If I had a clearer memory of my childhood (blocked out), I might have likened this situation to listening to people plan their Bar and Bat Mitzvahs during junior high school. There were a fair amount of Jewish people in my school and many of them got to have extravagant parties with a D.J. and a dessert bar. In return, all they had to do was memorize and awkwardly sing the Torah off-key in front of their entire junior high class for two hours. I couldn't discuss which Snoop Dogg songs I would be playing at my party because I was (half-) Catholic and I wasn't getting a party. Being a mature pre-teenager, I tried to convince the rest of my family to convert to Judaism just in time to throw me a cool party. 

I am very fortunate to have parents who do not care whether or not I ever get married or have children. They are probably aware of the fact that if either of these things did happen, they would likely get saddled with much of the bill and the children would frequently be dumped on them whenever I wanted to not listen to screaming, but even if this was the sole reason, it is a blessing. I know a lot of people who feel pressure from their parents to make these big changes when they are not ready, and I am very happy that my parents prefer to waste their time pressuring me to vote Republican.  

This is not intended to be a diatribe against my dear friends who are simply growing up.
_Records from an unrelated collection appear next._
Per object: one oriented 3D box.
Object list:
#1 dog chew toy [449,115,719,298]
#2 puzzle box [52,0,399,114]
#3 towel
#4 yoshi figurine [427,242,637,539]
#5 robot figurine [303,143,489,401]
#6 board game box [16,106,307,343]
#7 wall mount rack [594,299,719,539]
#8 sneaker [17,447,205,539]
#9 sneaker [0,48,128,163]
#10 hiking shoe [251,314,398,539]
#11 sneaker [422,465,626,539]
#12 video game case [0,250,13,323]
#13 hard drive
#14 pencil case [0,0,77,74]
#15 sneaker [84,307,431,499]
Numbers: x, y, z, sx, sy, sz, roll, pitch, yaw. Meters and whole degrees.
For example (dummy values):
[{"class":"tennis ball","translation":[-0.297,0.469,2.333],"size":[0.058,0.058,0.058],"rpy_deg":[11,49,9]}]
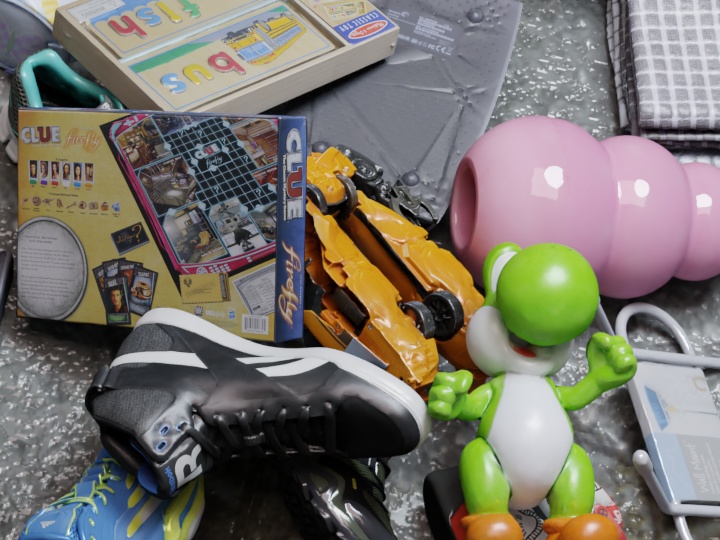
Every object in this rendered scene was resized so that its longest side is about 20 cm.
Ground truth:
[{"class":"dog chew toy","translation":[0.162,-0.036,1.497],"size":[0.199,0.125,0.125],"rpy_deg":[3,57,-14]},{"class":"puzzle box","translation":[-0.089,-0.159,1.526],"size":[0.199,0.026,0.133],"rpy_deg":[-27,57,-36]},{"class":"towel","translation":[0.261,-0.163,1.604],"size":[0.164,0.086,0.201],"rpy_deg":[0,58,-5]},{"class":"yoshi figurine","translation":[0.102,0.068,1.327],"size":[0.112,0.112,0.201],"rpy_deg":[-16,63,31]},{"class":"robot figurine","translation":[0.000,0.000,1.441],"size":[0.145,0.058,0.200],"rpy_deg":[-16,56,-43]},{"class":"board game box","translation":[-0.125,-0.031,1.412],"size":[0.199,0.035,0.136],"rpy_deg":[5,97,31]},{"class":"wall mount rack","translation":[0.200,0.087,1.420],"size":[0.173,0.075,0.201],"rpy_deg":[8,53,-35]},{"class":"sneaker","translation":[-0.148,0.149,1.343],"size":[0.075,0.105,0.201],"rpy_deg":[-3,56,18]},{"class":"sneaker","translation":[-0.164,-0.070,1.493],"size":[0.200,0.091,0.078],"rpy_deg":[37,62,16]},{"class":"hiking shoe","translation":[-0.006,0.109,1.408],"size":[0.100,0.076,0.200],"rpy_deg":[-26,63,-17]},{"class":"sneaker","translation":[0.119,0.195,1.373],"size":[0.107,0.067,0.202],"rpy_deg":[-15,58,-12]},{"class":"video game case","translation":[-0.327,0.061,1.432],"size":[0.180,0.026,0.201],"rpy_deg":[9,57,-1]},{"class":"hard drive","translation":[0.026,-0.121,1.575],"size":[0.134,0.042,0.201],"rpy_deg":[18,59,6]},{"class":"pencil case","translation":[-0.204,-0.231,1.594],"size":[0.090,0.083,0.201],"rpy_deg":[11,56,16]},{"class":"sneaker","translation":[-0.067,0.098,1.329],"size":[0.199,0.073,0.112],"rpy_deg":[14,47,23]}]
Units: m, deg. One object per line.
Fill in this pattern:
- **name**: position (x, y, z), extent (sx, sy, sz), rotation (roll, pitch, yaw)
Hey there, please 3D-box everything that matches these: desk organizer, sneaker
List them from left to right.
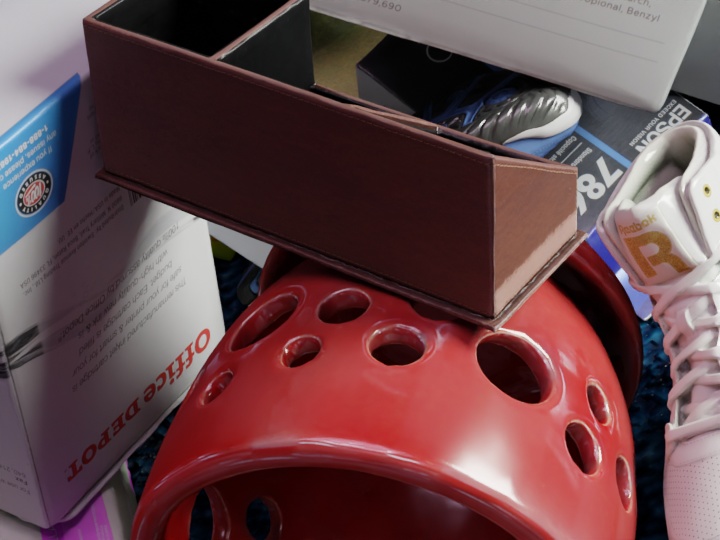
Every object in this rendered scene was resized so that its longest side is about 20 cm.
- **desk organizer**: position (-0.013, -0.056, 0.753), extent (0.199, 0.077, 0.072), rotation (21, 43, 28)
- **sneaker**: position (0.033, -0.026, 0.933), extent (0.200, 0.077, 0.076), rotation (-36, 17, 25)
- **sneaker**: position (0.133, 0.027, 0.771), extent (0.073, 0.116, 0.200), rotation (-25, 32, 34)

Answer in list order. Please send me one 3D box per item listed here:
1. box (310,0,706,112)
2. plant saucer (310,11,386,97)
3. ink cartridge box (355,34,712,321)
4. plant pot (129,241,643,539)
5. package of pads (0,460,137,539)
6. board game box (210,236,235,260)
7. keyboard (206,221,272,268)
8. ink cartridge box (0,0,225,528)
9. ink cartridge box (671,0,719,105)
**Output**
- **box**: position (0.073, -0.198, 0.924), extent (0.199, 0.131, 0.199), rotation (16, 30, -3)
- **plant saucer**: position (0.049, -0.131, 1.088), extent (0.200, 0.048, 0.200), rotation (-37, 46, -13)
- **ink cartridge box**: position (0.101, -0.073, 0.970), extent (0.200, 0.039, 0.099), rotation (39, 71, 20)
- **plant pot**: position (0.022, 0.072, 0.800), extent (0.199, 0.201, 0.183), rotation (-1, 46, 21)
- **package of pads**: position (-0.176, 0.155, 0.892), extent (0.154, 0.068, 0.200), rotation (-22, 43, -1)
- **board game box**: position (-0.106, -0.106, 1.089), extent (0.102, 0.047, 0.200), rotation (-58, 41, 20)
- **keyboard**: position (0.000, 0.000, 0.905), extent (0.200, 0.056, 0.011), rotation (33, 31, -1)
- **ink cartridge box**: position (-0.142, -0.010, 0.854), extent (0.086, 0.201, 0.146), rotation (19, 44, 25)
- **ink cartridge box**: position (0.240, -0.170, 0.985), extent (0.145, 0.088, 0.201), rotation (16, 52, -3)
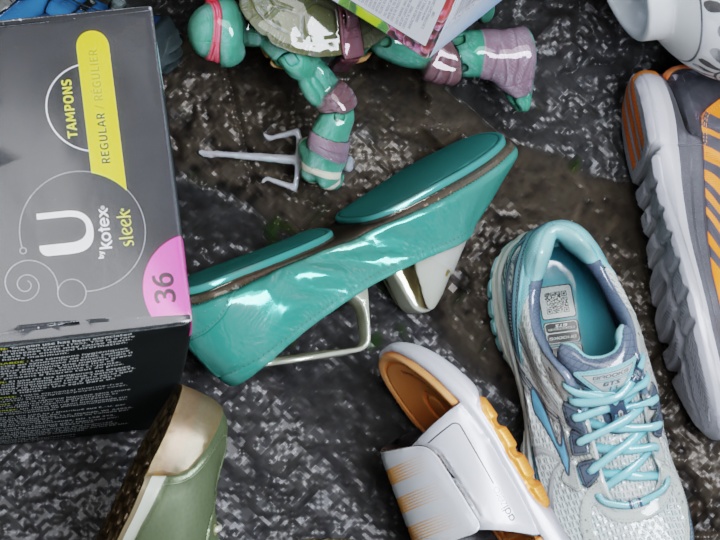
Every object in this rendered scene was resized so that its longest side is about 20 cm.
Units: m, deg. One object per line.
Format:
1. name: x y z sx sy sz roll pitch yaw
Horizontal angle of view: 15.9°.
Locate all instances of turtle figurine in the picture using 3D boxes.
1. turtle figurine: -0.018 -0.118 1.309 0.199 0.101 0.150 -6 74 -15

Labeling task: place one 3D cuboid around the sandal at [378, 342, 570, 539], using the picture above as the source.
1. sandal: 0.060 0.128 1.249 0.059 0.079 0.207 -32 82 -18

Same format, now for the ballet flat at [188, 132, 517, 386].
1. ballet flat: 0.000 0.000 1.292 0.200 0.067 0.071 -27 106 -20

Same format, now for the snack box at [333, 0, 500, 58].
1. snack box: 0.026 -0.193 1.293 0.142 0.053 0.200 34 35 11

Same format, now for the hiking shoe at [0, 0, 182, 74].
1. hiking shoe: -0.185 -0.135 1.269 0.199 0.074 0.087 8 112 6

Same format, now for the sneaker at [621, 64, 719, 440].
1. sneaker: 0.204 -0.016 1.312 0.112 0.078 0.201 -5 74 -8

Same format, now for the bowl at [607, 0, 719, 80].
1. bowl: 0.169 -0.169 1.283 0.094 0.201 0.201 -20 77 -8

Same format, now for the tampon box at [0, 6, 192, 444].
1. tampon box: -0.151 -0.013 1.201 0.126 0.200 0.150 -6 75 -9

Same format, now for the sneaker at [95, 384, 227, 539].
1. sneaker: -0.087 0.158 1.207 0.090 0.067 0.201 24 98 -10

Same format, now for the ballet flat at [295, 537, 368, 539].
1. ballet flat: 0.040 0.176 1.205 0.200 0.068 0.075 49 114 34

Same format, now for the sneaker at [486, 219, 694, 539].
1. sneaker: 0.112 0.069 1.269 0.077 0.086 0.200 -17 76 -11
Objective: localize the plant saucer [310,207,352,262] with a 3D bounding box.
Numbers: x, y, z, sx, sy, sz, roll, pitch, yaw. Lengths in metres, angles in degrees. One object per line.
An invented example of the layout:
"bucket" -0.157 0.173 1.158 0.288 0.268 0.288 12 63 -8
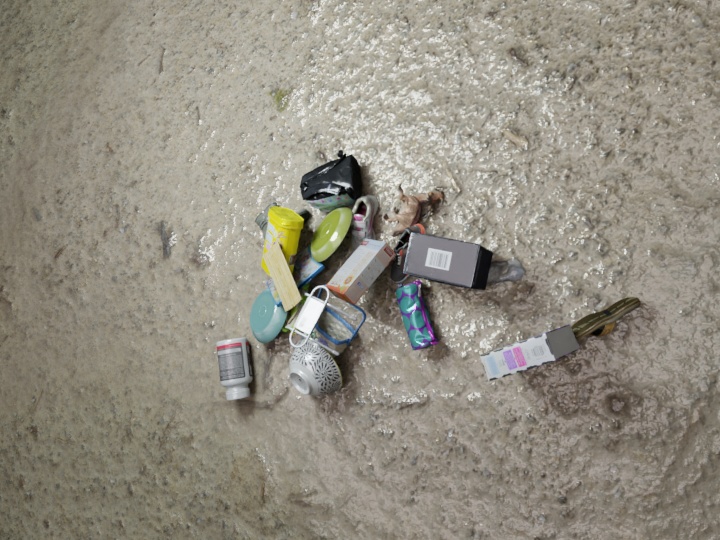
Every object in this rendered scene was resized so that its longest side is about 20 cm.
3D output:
"plant saucer" -0.101 -0.121 1.713 0.200 0.031 0.202 -41 31 31

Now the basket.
"basket" -0.086 0.169 1.697 0.175 0.139 0.202 35 109 22

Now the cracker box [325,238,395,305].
"cracker box" 0.000 0.000 1.612 0.201 0.058 0.134 -50 25 -11

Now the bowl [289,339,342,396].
"bowl" -0.161 0.326 1.691 0.199 0.094 0.203 27 135 30

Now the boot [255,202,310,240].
"boot" -0.276 -0.185 1.852 0.199 0.068 0.132 -35 68 17

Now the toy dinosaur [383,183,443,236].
"toy dinosaur" 0.157 -0.174 1.642 0.135 0.086 0.202 33 106 16

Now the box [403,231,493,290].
"box" 0.252 -0.023 1.521 0.197 0.198 0.125 13 93 25

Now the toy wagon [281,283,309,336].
"toy wagon" -0.211 0.135 1.752 0.156 0.039 0.202 -51 32 33

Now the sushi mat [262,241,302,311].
"sushi mat" -0.242 0.020 1.666 0.095 0.012 0.202 -33 77 40

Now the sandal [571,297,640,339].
"sandal" 0.640 0.137 1.408 0.198 0.080 0.054 -31 96 15

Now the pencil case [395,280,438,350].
"pencil case" 0.169 0.133 1.611 0.092 0.084 0.203 -28 75 49

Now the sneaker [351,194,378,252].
"sneaker" 0.001 -0.145 1.705 0.080 0.088 0.204 3 88 24

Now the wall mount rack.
"wall mount rack" -0.118 0.156 1.608 0.172 0.075 0.202 23 79 27

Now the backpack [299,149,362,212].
"backpack" -0.095 -0.269 1.734 0.198 0.126 0.169 -17 57 24

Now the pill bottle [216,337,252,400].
"pill bottle" -0.432 0.339 1.862 0.109 0.110 0.203 -12 81 23

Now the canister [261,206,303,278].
"canister" -0.256 -0.087 1.739 0.148 0.085 0.203 39 121 51

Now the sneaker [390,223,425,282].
"sneaker" 0.122 -0.053 1.626 0.077 0.081 0.202 42 122 38

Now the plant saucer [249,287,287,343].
"plant saucer" -0.318 0.142 1.817 0.198 0.036 0.203 -23 57 39

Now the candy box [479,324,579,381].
"candy box" 0.441 0.215 1.408 0.199 0.166 0.072 -30 74 39

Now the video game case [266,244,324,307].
"video game case" -0.216 0.015 1.769 0.199 0.018 0.143 -40 37 3
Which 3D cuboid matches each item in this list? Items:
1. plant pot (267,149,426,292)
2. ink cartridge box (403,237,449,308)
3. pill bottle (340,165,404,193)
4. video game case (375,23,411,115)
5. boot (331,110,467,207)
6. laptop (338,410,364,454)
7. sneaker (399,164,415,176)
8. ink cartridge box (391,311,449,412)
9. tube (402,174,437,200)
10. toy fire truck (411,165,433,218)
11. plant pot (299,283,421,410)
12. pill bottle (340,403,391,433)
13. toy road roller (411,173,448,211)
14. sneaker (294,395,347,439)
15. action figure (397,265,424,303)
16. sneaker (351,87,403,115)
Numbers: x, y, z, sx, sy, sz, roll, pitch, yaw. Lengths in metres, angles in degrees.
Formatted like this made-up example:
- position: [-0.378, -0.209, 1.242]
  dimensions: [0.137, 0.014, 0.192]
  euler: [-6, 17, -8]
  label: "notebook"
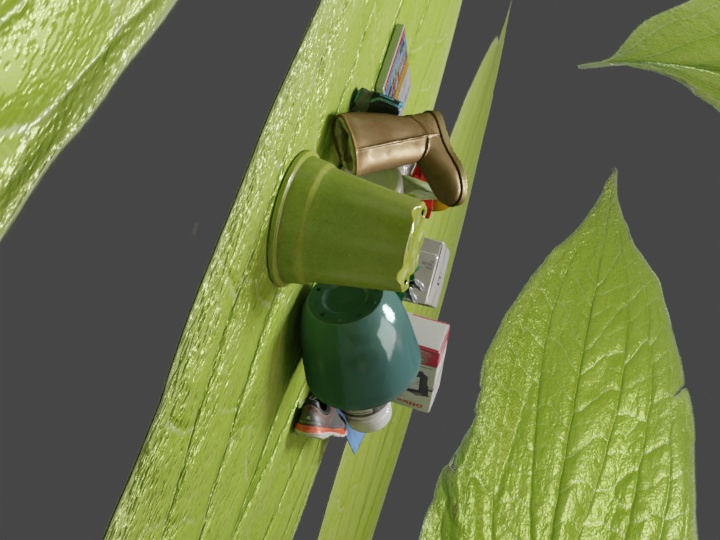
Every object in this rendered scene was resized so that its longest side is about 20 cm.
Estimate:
- position: [-0.009, -0.053, 1.121]
  dimensions: [0.200, 0.183, 0.201]
  euler: [14, 90, -77]
  label: "plant pot"
- position: [0.112, -0.003, 1.804]
  dimensions: [0.200, 0.146, 0.145]
  euler: [26, 78, -77]
  label: "ink cartridge box"
- position: [0.021, -0.100, 1.369]
  dimensions: [0.200, 0.114, 0.115]
  euler: [79, 28, -62]
  label: "pill bottle"
- position: [0.066, -0.354, 1.522]
  dimensions: [0.200, 0.017, 0.144]
  euler: [72, 34, -68]
  label: "video game case"
- position: [0.062, -0.170, 1.249]
  dimensions: [0.199, 0.066, 0.176]
  euler: [-14, 79, -38]
  label: "boot"
- position: [0.018, 0.252, 1.710]
  dimensions: [0.200, 0.116, 0.187]
  euler: [-55, 179, 28]
  label: "laptop"
- position: [0.060, -0.176, 1.538]
  dimensions: [0.088, 0.081, 0.201]
  euler: [-60, 159, -56]
  label: "sneaker"
- position: [0.092, 0.182, 1.599]
  dimensions: [0.201, 0.144, 0.085]
  euler: [93, 17, -45]
  label: "ink cartridge box"
- position: [0.081, -0.146, 1.405]
  dimensions: [0.058, 0.200, 0.052]
  euler: [-36, 114, -17]
  label: "tube"
- position: [0.130, -0.181, 1.534]
  dimensions: [0.200, 0.048, 0.141]
  euler: [-79, -176, -51]
  label: "toy fire truck"
- position: [-0.010, 0.097, 1.283]
  dimensions: [0.201, 0.200, 0.161]
  euler: [-65, 152, -43]
  label: "plant pot"
- position: [-0.001, 0.213, 1.521]
  dimensions: [0.114, 0.113, 0.201]
  euler: [-65, 150, -43]
  label: "pill bottle"
- position: [0.128, -0.166, 1.703]
  dimensions: [0.123, 0.145, 0.201]
  euler: [89, 19, -49]
  label: "toy road roller"
- position: [-0.065, 0.267, 1.485]
  dimensions: [0.200, 0.077, 0.082]
  euler: [32, 65, -78]
  label: "sneaker"
- position: [0.023, 0.064, 1.450]
  dimensions: [0.055, 0.199, 0.118]
  euler: [57, 37, -14]
  label: "action figure"
- position: [0.030, -0.218, 1.355]
  dimensions: [0.200, 0.081, 0.073]
  euler: [88, 18, -55]
  label: "sneaker"
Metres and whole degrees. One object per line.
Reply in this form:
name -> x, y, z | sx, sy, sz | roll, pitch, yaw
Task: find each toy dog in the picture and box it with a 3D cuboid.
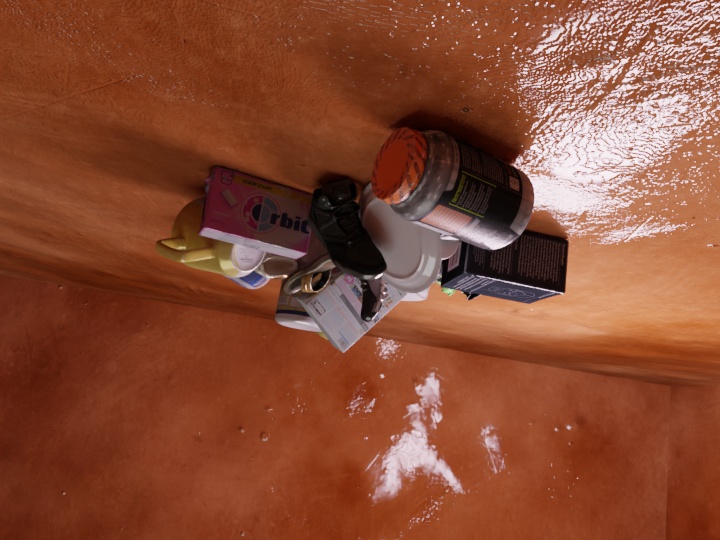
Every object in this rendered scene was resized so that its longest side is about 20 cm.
toy dog -> -0.172, -0.050, 1.245 | 0.194, 0.140, 0.200 | -5, 176, -26

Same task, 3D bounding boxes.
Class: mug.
mug -> -0.279, -0.044, 1.093 | 0.153, 0.187, 0.150 | 21, 147, 37

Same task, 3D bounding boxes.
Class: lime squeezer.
lime squeezer -> 0.231, 0.047, 1.538 | 0.071, 0.038, 0.200 | 4, 167, 24

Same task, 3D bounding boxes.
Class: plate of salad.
plate of salad -> 0.066, -0.059, 0.924 | 0.048, 0.200, 0.200 | -24, -171, -36

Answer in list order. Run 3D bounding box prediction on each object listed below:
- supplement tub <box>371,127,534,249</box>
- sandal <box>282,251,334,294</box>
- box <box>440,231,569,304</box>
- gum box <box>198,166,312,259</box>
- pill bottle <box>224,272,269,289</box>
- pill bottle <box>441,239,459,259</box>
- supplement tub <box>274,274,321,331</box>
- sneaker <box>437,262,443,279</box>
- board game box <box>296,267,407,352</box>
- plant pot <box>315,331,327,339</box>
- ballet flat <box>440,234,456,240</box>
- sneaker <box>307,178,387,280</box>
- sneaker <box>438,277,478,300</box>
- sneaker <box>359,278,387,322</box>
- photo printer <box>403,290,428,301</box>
supplement tub -> 0.122, -0.109, 0.742 | 0.200, 0.123, 0.122 | 17, 165, -30
sandal -> -0.091, 0.014, 1.144 | 0.200, 0.054, 0.080 | -30, 170, 40
box -> 0.278, -0.012, 1.090 | 0.200, 0.107, 0.148 | 12, 167, -8
gum box -> -0.190, -0.102, 1.012 | 0.200, 0.114, 0.066 | 14, 166, -22
pill bottle -> -0.310, -0.026, 1.436 | 0.112, 0.112, 0.200 | 6, 166, 13
pill bottle -> 0.084, -0.054, 1.036 | 0.109, 0.110, 0.200 | 17, 165, -31
supplement tub -> -0.133, 0.046, 1.421 | 0.144, 0.200, 0.144 | 9, 167, 2
sneaker -> 0.161, -0.019, 1.253 | 0.091, 0.076, 0.200 | 26, 151, -34
board game box -> -0.016, 0.056, 1.228 | 0.148, 0.200, 0.064 | 56, 166, -23
plant pot -> -0.060, 0.090, 1.660 | 0.200, 0.200, 0.142 | 9, 142, 2
ballet flat -> 0.191, -0.086, 0.946 | 0.200, 0.068, 0.068 | 5, 161, -32
sneaker -> -0.024, -0.075, 0.925 | 0.076, 0.199, 0.114 | -20, 143, -23
sneaker -> 0.249, 0.029, 1.341 | 0.200, 0.083, 0.072 | -1, 164, 37
sneaker -> 0.000, 0.000, 1.152 | 0.115, 0.200, 0.075 | 20, 160, -13
photo printer -> 0.086, 0.033, 1.505 | 0.166, 0.070, 0.200 | 3, 165, 27
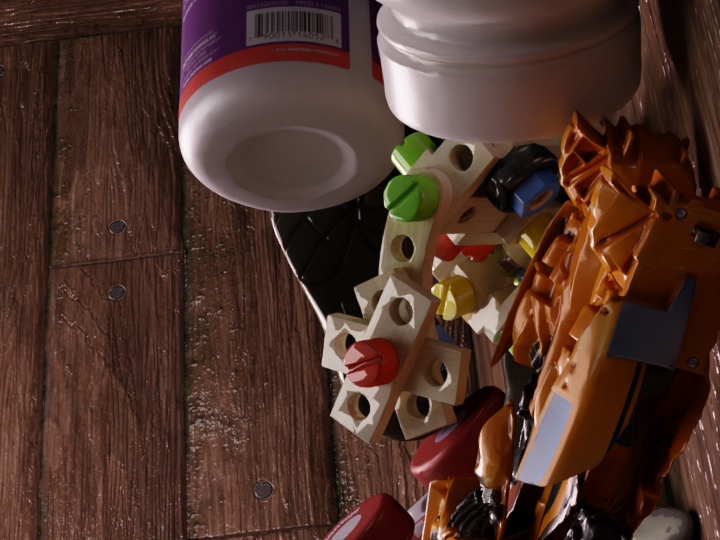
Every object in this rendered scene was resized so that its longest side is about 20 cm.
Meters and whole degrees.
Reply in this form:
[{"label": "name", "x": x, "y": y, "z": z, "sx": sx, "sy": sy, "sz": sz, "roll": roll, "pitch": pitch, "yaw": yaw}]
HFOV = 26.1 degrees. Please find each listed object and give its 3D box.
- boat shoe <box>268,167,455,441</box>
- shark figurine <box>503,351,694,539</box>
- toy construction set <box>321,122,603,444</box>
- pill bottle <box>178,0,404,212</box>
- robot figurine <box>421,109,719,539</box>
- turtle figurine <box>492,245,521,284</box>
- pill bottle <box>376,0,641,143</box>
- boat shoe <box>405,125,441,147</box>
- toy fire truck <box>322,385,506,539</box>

It is not their fault that they have succumbed to the inevitable. I am very happy for them. I just don't agree with their lives progressing. But I probably also felt this way at my First Communion. Everyone grows up so fast! 


Anonymous said...

Good trick. Just keep resisting our push to have you vote Republican so we don't pressure you to get married.

Ashley said...


ting said...

I'm so glad my best friends aren't married yet.

You sang the Torah in HEBREW??

Also, not sure if you know but Snoop Dogg is now Snoop Lion. HAHAHAHAHA!